We can compare the NMB for each cutpoint method, as before, by accessing the object directly:
head(nmb_simulation$df_result)
#> n_sim all none value_optimising youden cost_minimising
#> 1 1 -22.22199 -8.186313 -8.208747 -12.99218 -8.201596
#> 2 2 -27.02869 -8.614284 -8.613603 -13.48818 -8.630615
#> 3 3 -26.38041 -10.109025 -10.106997 -13.61983 -10.114800
#> 4 4 -25.67286 -10.411186 -10.447631 -13.64471 -10.410777
#> 5 5 -26.38019 -12.860529 -12.866956 -15.27964 -12.866524
#> 6 6 -25.37463 -9.907368 -9.886667 -13.08035 -9.904925
#> prod_sens_spec roc01 index_of_union
#> 1 -12.99218 -12.99218 -12.99218
#> 2 -15.04459 -15.04459 -15.04459
#> 3 -14.07576 -14.07576 -14.07576
#> 4 -14.70168 -14.70168 -14.90180
#> 5 -15.27964 -15.27964 -17.83948
#> 6 -13.94385 -13.94385 -13.94385
… and do the same for our selected cutpoints:
head(nmb_simulation$df_thresholds)
#> n_sim all none value_optimising youden cost_minimising prod_sens_spec
#> 1 1 0 1 0.4224814 0.08633283 0.4752184 0.08633283
#> 2 2 0 1 0.5731429 0.13147073 0.4752184 0.11166643
#> 3 3 0 1 0.6834233 0.13119297 0.4752184 0.12219263
#> 4 4 0 1 0.2888253 0.12131014 0.4752184 0.10847953
#> 5 5 0 1 0.4387597 0.13239494 0.4752184 0.13239494
#> 6 6 0 1 0.2824096 0.10598321 0.4752184 0.09600777
#> roc01 index_of_union
#> 1 0.08633283 0.08633283
#> 2 0.11166643 0.11166643
#> 3 0.12219263 0.12218998
#> 4 0.10847953 0.10636855
#> 5 0.13239494 0.09699308
#> 6 0.09600777 0.09600777
Since we incorporated QALYs and a WTP into out NMB sampling
functions, we can also create a cost-effectiveness plot with
ce_plot()
. For more details on ce_plot()
, see
the - Summarising
results from predictNMB vignette
.
screen_simulation_inputs()
We may want to investigate what the relative improvement in NMB is when increasing the model performance (AUC) and compare this to the treat-all or treat-none strategy. The following function assesses the required performance for the model to outperform a default strategy of treat all or treat none. In this example, cutpoints are selected using the Youden index and the cost-effectiveness approach, which maximises NMB.
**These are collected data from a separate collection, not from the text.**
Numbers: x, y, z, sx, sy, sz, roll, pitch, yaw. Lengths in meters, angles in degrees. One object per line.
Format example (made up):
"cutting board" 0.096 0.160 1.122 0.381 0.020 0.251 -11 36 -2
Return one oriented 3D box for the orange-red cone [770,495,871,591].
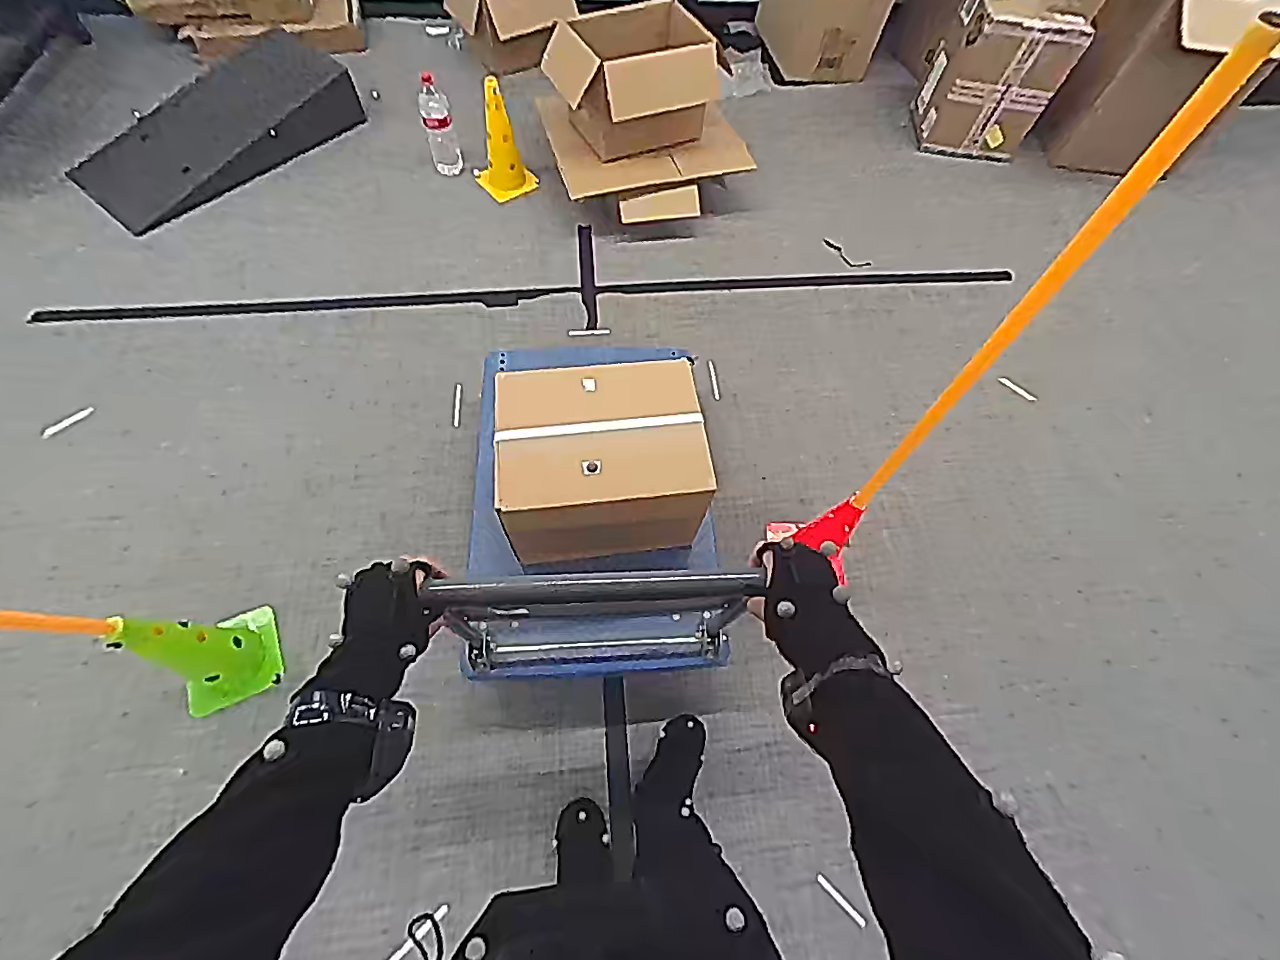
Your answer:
"orange-red cone" 0.465 0.125 1.304 0.199 0.360 0.198 2 63 -3
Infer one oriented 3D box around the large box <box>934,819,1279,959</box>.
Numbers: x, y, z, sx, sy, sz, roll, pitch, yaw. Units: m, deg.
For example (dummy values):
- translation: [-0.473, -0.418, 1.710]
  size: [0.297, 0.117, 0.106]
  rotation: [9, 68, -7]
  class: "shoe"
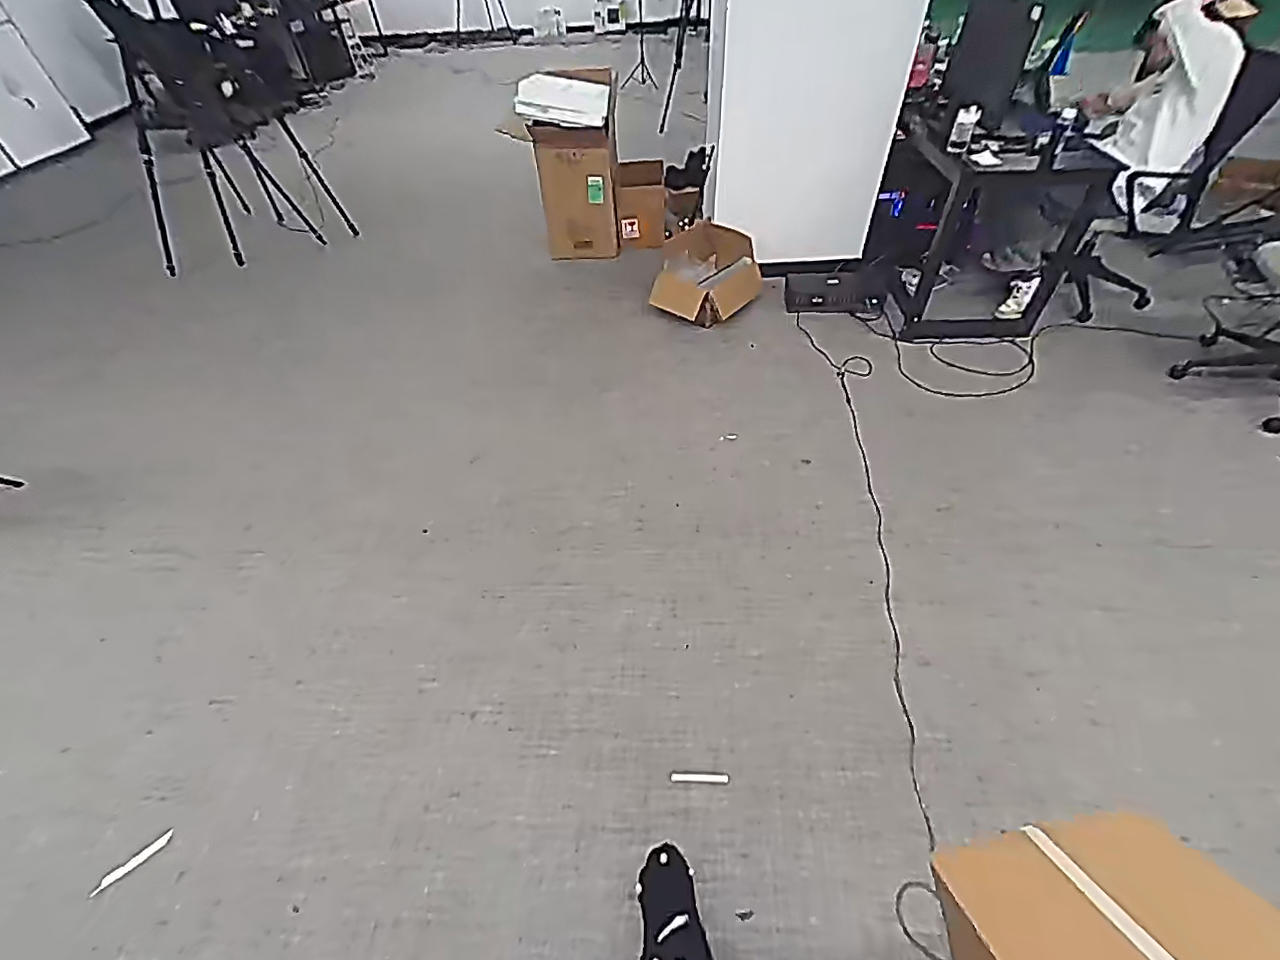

To do this, we compare multiple simulations with different inputs
using screen_simulation_inputs()
. This function takes the
same inputs as do_nmb_sim()
but can take a vector of inputs
rather than only a single value. Here, we pass vectors for both the
sim_auc
and the event_rate
.
We run the simulations in parallel by creating a cluster and passing
this as an argument. This can also be done to do_nmb_sim()
in the same way. This can take some time — the fewer cores used, the
longer it takes. For more details on running in parallel, see the
parallel
package.
cl <- makeCluster(2)
sim_screen_obj <- screen_simulation_inputs(
n_sims = 500,
n_valid = 10000,
sim_auc = seq(0.7, 0.95, 0.05),
event_rate = c(0.1, 0.2),
fx_nmb_training = nmb_sampler_training,
fx_nmb_evaluation = nmb_sampler,
cutpoint_methods = c("all", "none", "youden", "value_optimising"),
cl = cl
)
stopCluster(cl)
For our hypothetical costed outcome, the classification model when the cutpoint is selected by maximising the Youden index, only outperforms the treat-none strategy when the model has an AUC of about 0.9. This is quite high and may be impossible when the outcome is highly unpredictable. Also, when the event rate is 0.1, rather than 0.2, we are only able the match the treat-none strategy when our model has an AUC of 0.95.